From the entries below, copy every line where the string "subtitle" appears.

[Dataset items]
+ + +

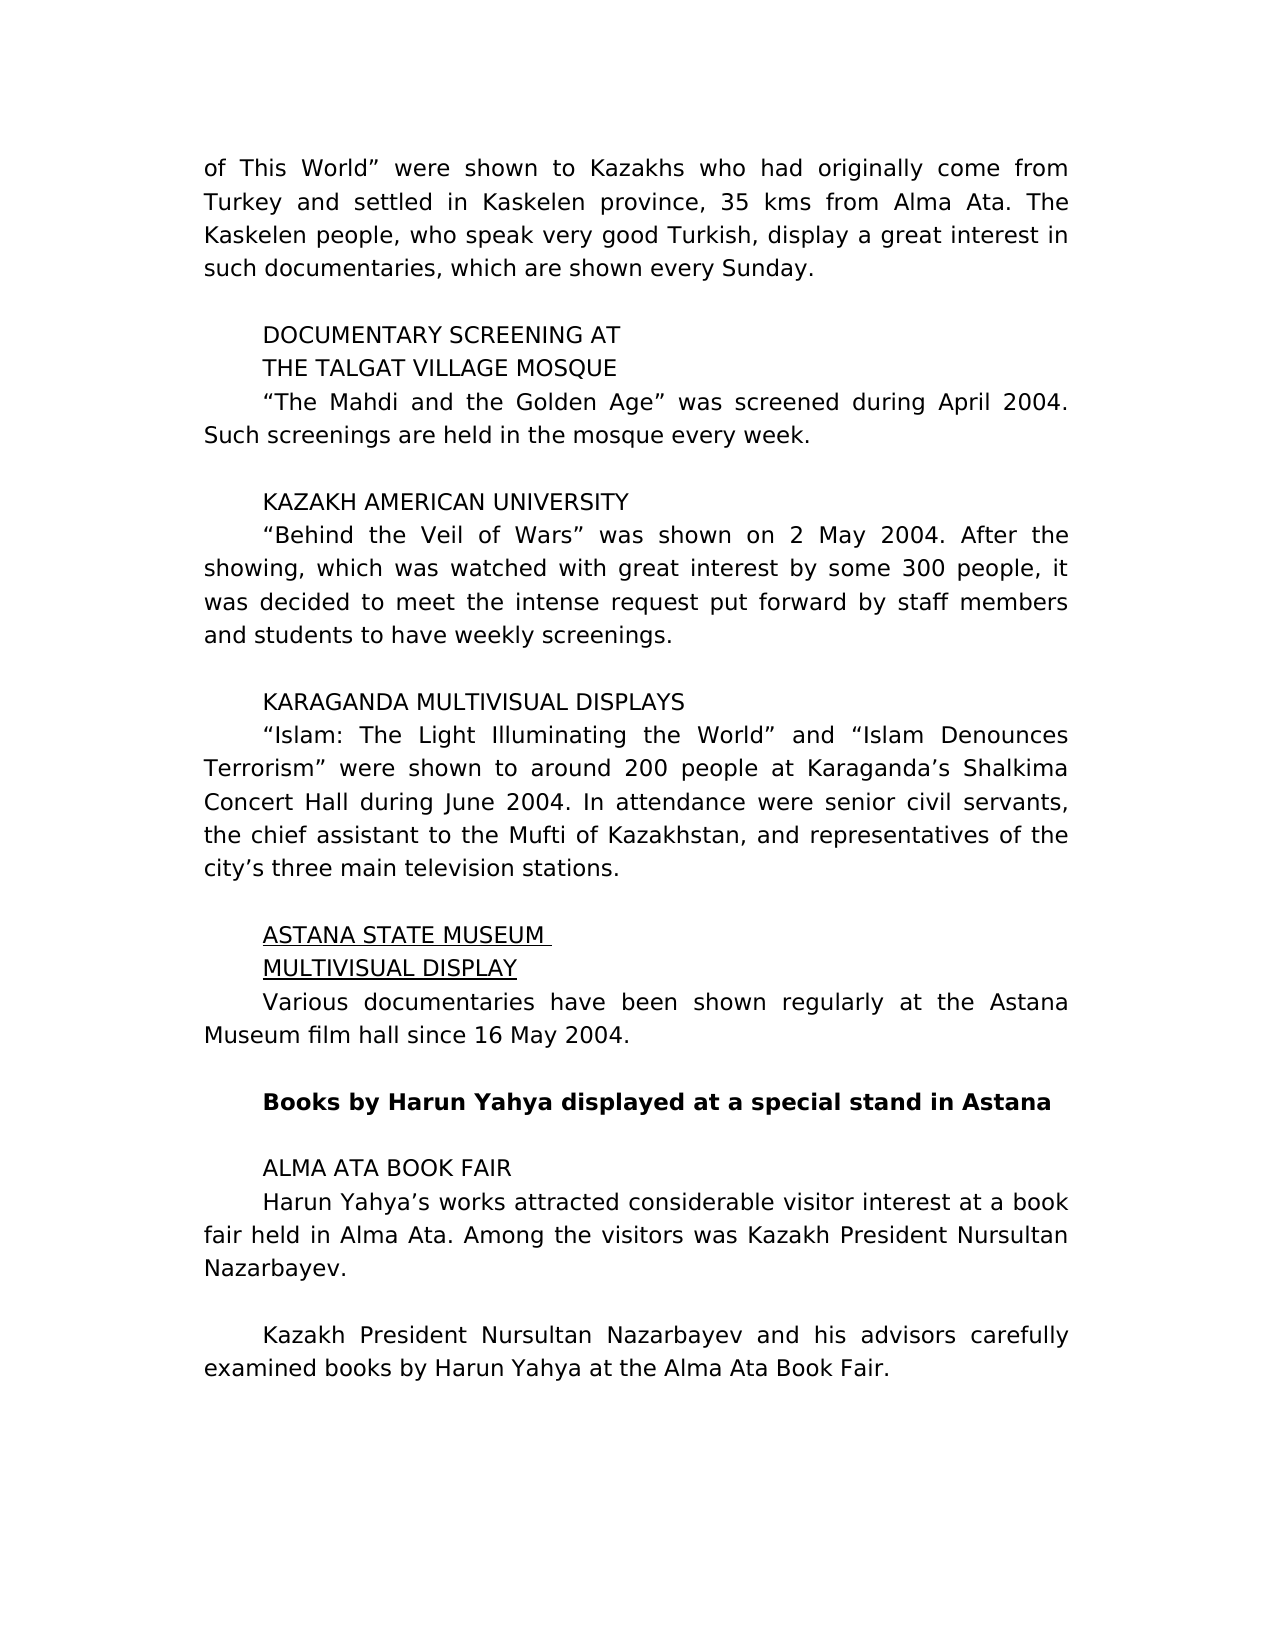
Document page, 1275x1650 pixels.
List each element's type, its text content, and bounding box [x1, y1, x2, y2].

text Books by Harun Yahya displayed at a special stand in Astana [203, 1083, 1070, 1117]
text “Islam: The Light Illuminating the World” and “Islam Denounces Terrorism” were shown to around 200 people at Karaganda’s Shalkima Concert Hall during June 2004. In attendance were senior civil servants, the chief assistant to the Mufti of Kazakhstan, and representatives of the city’s three main television stations. [203, 717, 1070, 883]
text THE TALGAT VILLAGE MOSQUE [203, 350, 1070, 383]
text KAZAKH AMERICAN UNIVERSITY [203, 483, 1070, 517]
text Kazakh President Nursultan Nazarbayev and his advisors carefully examined books by Harun Yahya at the Alma Ata Book Fair. [203, 1317, 1070, 1383]
text ALMA ATA BOOK FAIR [203, 1150, 1070, 1183]
text KARAGANDA MULTIVISUAL DISPLAYS [203, 683, 1070, 717]
text of This World” were shown to Kazakhs who had originally come from Turkey and settled in Kaskelen province, 35 kms from Alma Ata. The Kaskelen people, who speak very good Turkish, display a great interest in such documentaries, which are shown every Sunday. [203, 150, 1070, 283]
text “The Mahdi and the Golden Age” was screened during April 2004. Such screenings are held in the mosque every week. [203, 383, 1070, 450]
text ASTANA STATE MUSEUM [203, 917, 1070, 950]
text “Behind the Veil of Wars” was shown on 2 May 2004. After the showing, which was watched with great interest by some 300 people, it was decided to meet the intense request put forward by staff members and students to have weekly screenings. [203, 517, 1070, 650]
text Harun Yahya’s works attracted considerable visitor interest at a book fair held in Alma Ata. Among the visitors was Kazakh President Nursultan Nazarbayev. [203, 1183, 1070, 1283]
text MULTIVISUAL DISPLAY [203, 950, 1070, 983]
text DOCUMENTARY SCREENING AT [203, 317, 1070, 350]
text Various documentaries have been shown regularly at the Astana Museum film hall since 16 May 2004. [203, 983, 1070, 1050]
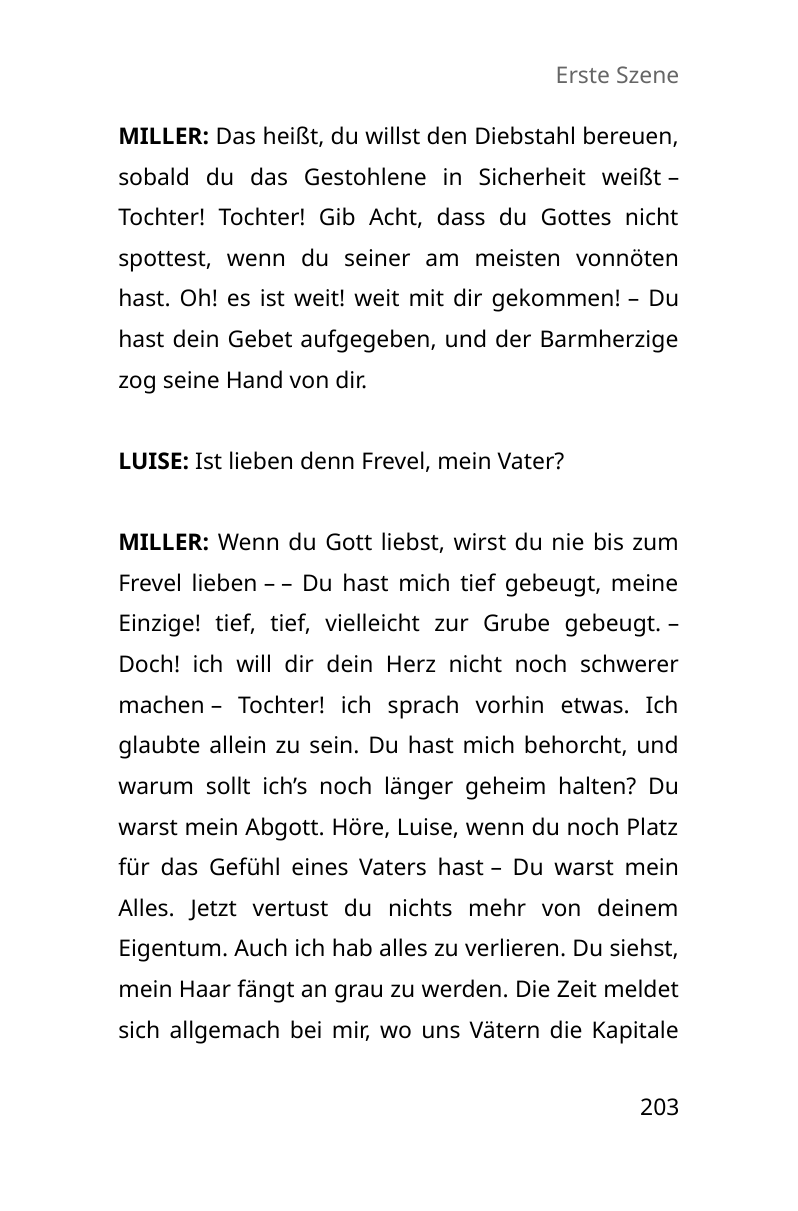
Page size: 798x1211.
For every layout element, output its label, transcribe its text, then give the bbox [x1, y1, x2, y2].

text LUISE: Ist lieben denn Frevel, mein Vater? [118, 416, 679, 476]
text MILLER: Das heißt, du willst den Diebstahl bereuen, sobald du das Gestohlene in Sicherheit weißt – Tochter! Tochter! Gib Acht, dass du Gottes nicht spottest, wenn du seiner am meisten vonnöten hast. Oh! es ist weit! weit mit dir gekommen! – Du hast dein Gebet aufgegeben, und der Barmherzige zog seine Hand von dir. [118, 120, 679, 395]
text MILLER: Wenn du Gott liebst, wirst du nie bis zum Frevel lieben – – Du hast mich tief gebeugt, meine Einzige! tief, tief, vielleicht zur Grube gebeugt. – Doch! ich will dir dein Herz nicht noch schwerer machen – Tochter! ich sprach vorhin etwas. Ich glaubte allein zu sein. Du hast mich behorcht, und warum sollt ich’s noch länger geheim halten? Du warst mein Abgott. Höre, Luise, wenn du noch Platz für das Gefühl eines Vaters hast – Du warst mein Alles. Jetzt vertust du nichts mehr von deinem Eigentum. Auch ich hab alles zu verlieren. Du siehst, mein Haar fängt an grau zu werden. Die Zeit meldet sich allgemach bei mir, wo uns Vätern die Kapitale [118, 497, 679, 1045]
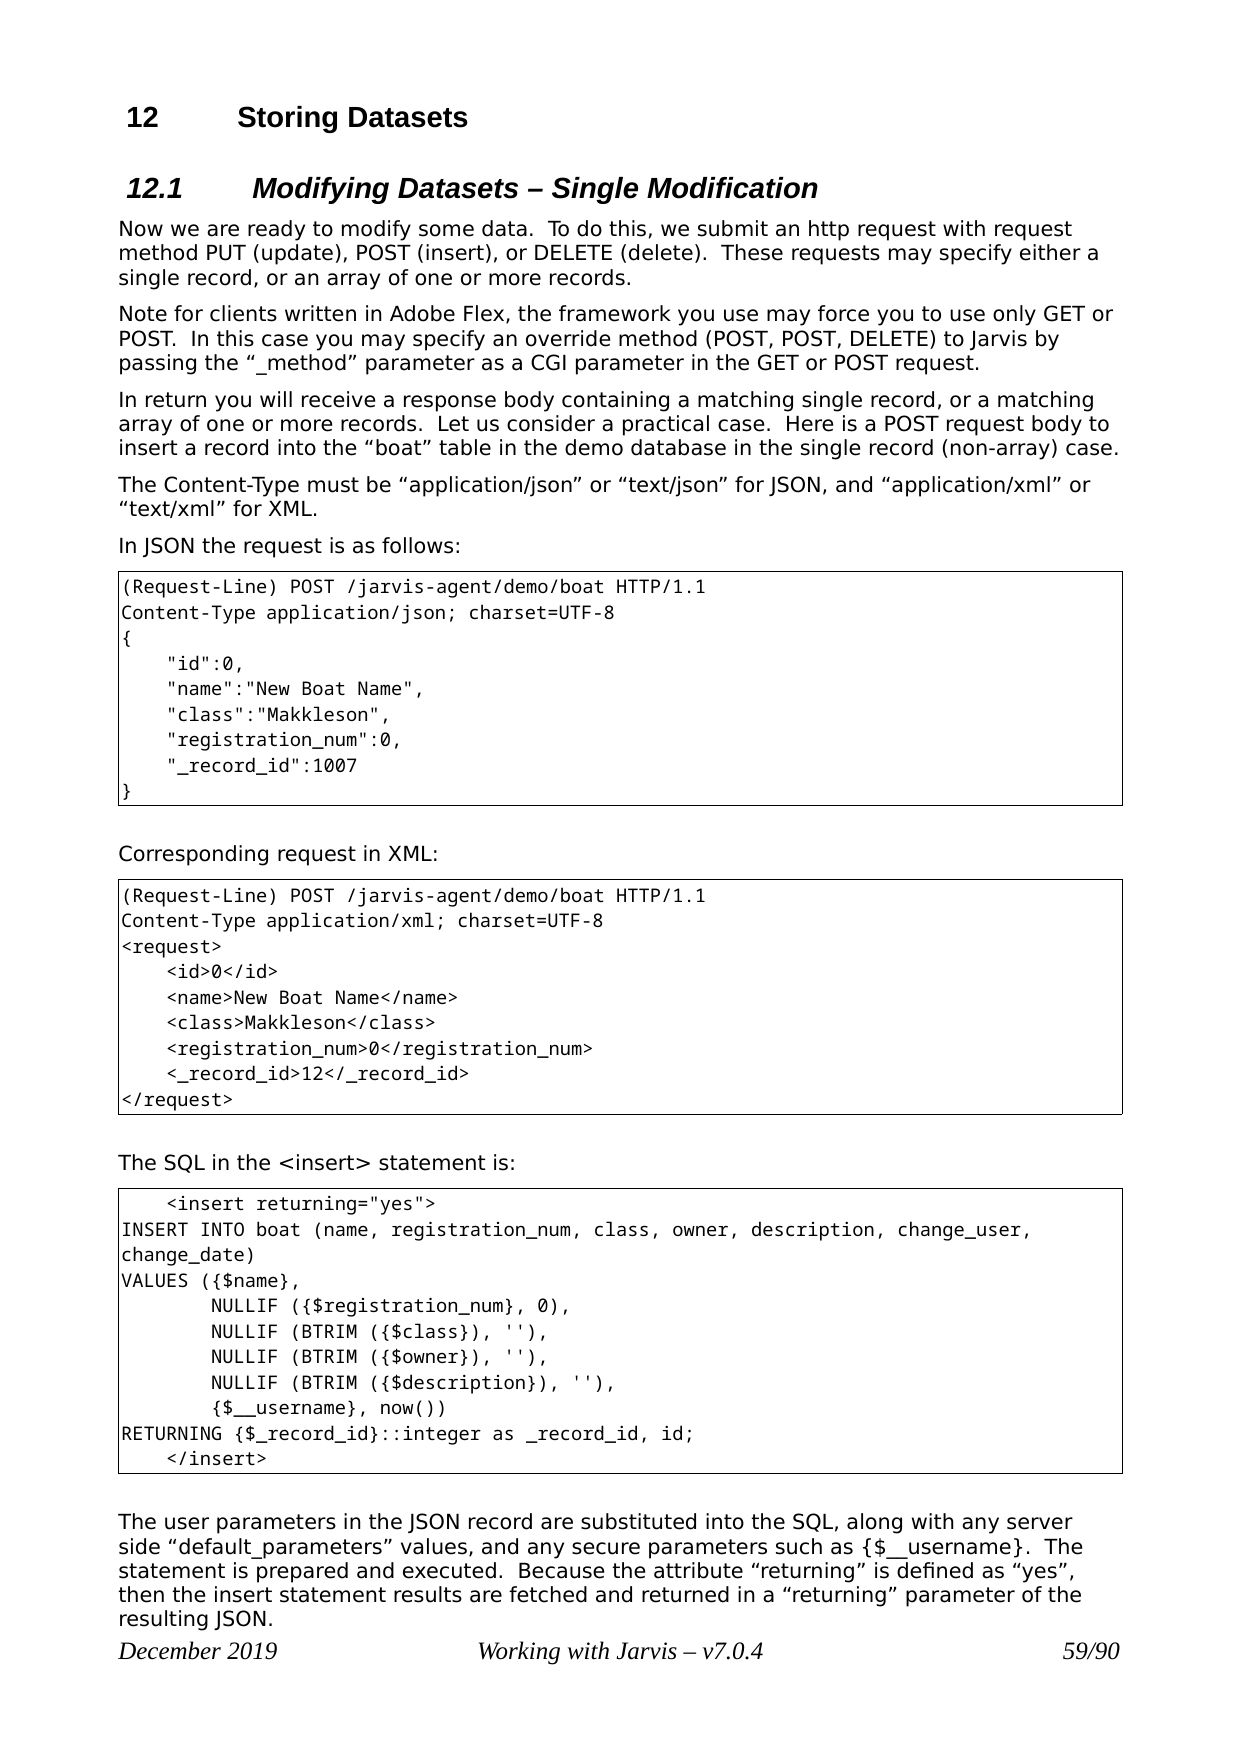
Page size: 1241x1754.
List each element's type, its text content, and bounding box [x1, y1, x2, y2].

subtitle Modifying Datasets – Single Modification [118, 171, 1122, 204]
text NULLIF (BTRIM ({$description}), ''), [119, 1366, 1122, 1392]
text (Request-Line) POST /jarvis-agent/demo/boat HTTP/1.1 [119, 880, 1122, 905]
text In return you will receive a response body containing a matching single record, or a matching array of one or more records. Let us consider a practical case. Here is a POST request body to insert a record into the “boat” table in the demo database in the single record (non-array) case. [118, 388, 1122, 461]
text "name":"New Boat Name", [119, 673, 1122, 698]
text <class>Makkleson</class> [119, 1007, 1122, 1032]
text "class":"Makkleson", [119, 698, 1122, 724]
text NULLIF (BTRIM ({$class}), ''), [119, 1315, 1122, 1341]
text In JSON the request is as follows: [118, 534, 1122, 558]
text Content-Type application/xml; charset=UTF-8 [119, 905, 1122, 930]
text Now we are ready to modify some data. To do this, we submit an http request with request method PUT (update), POST (insert), or DELETE (delete). These requests may specify either a single record, or an array of one or more records. [118, 217, 1122, 290]
text { [119, 622, 1122, 647]
text "registration_num":0, "_record_id":1007 } [119, 724, 1122, 805]
text Corresponding request in XML: [118, 842, 1122, 867]
text NULLIF ({$registration_num}, 0), [119, 1290, 1122, 1315]
text NULLIF (BTRIM ({$owner}), ''), [119, 1341, 1122, 1366]
text "id":0, [119, 647, 1122, 673]
text (Request-Line) POST /jarvis-agent/demo/boat HTTP/1.1 [119, 572, 1122, 596]
text The Content-Type must be “application/json” or “text/json” for JSON, and “application/xml” or “text/xml” for XML. [118, 473, 1122, 522]
text {$__username}, now()) [119, 1392, 1122, 1417]
text VALUES ({$name}, [119, 1264, 1122, 1290]
text RETURNING {$_record_id}::integer as _record_id, id; [119, 1417, 1122, 1443]
text </request> [119, 1083, 1122, 1114]
text The user parameters in the JSON record are substituted into the SQL, along with any server side “default_parameters” values, and any secure parameters such as {$__username}. The statement is prepared and executed. Because the attribute “returning” is defined as “yes”, then the insert statement results are fetched and returned in a “returning” parameter of the resulting JSON. [118, 1510, 1122, 1632]
subtitle Storing Datasets [118, 100, 1122, 133]
text Content-Type application/json; charset=UTF-8 [119, 596, 1122, 622]
text <registration_num>0</registration_num> [119, 1032, 1122, 1058]
text <_record_id>12</_record_id> [119, 1058, 1122, 1083]
text <name>New Boat Name</name> [119, 981, 1122, 1007]
text <request> [119, 930, 1122, 956]
text The SQL in the <insert> statement is: [118, 1151, 1122, 1175]
text Note for clients written in Adobe Flex, the framework you use may force you to use only GET or POST. In this case you may specify an override method (POST, POST, DELETE) to Jarvis by passing the “_method” parameter as a CGI parameter in the GET or POST request. [118, 302, 1122, 375]
text <insert returning="yes"> [119, 1189, 1122, 1213]
text INSERT INTO boat (name, registration_num, class, owner, description, change_user, change_date) [119, 1213, 1122, 1264]
text </insert> [119, 1443, 1122, 1473]
text <id>0</id> [119, 956, 1122, 981]

+ + +

### Written response
subtitle Modifying Datasets – Single Modification [118, 171, 1122, 204]
subtitle Storing Datasets [118, 100, 1122, 133]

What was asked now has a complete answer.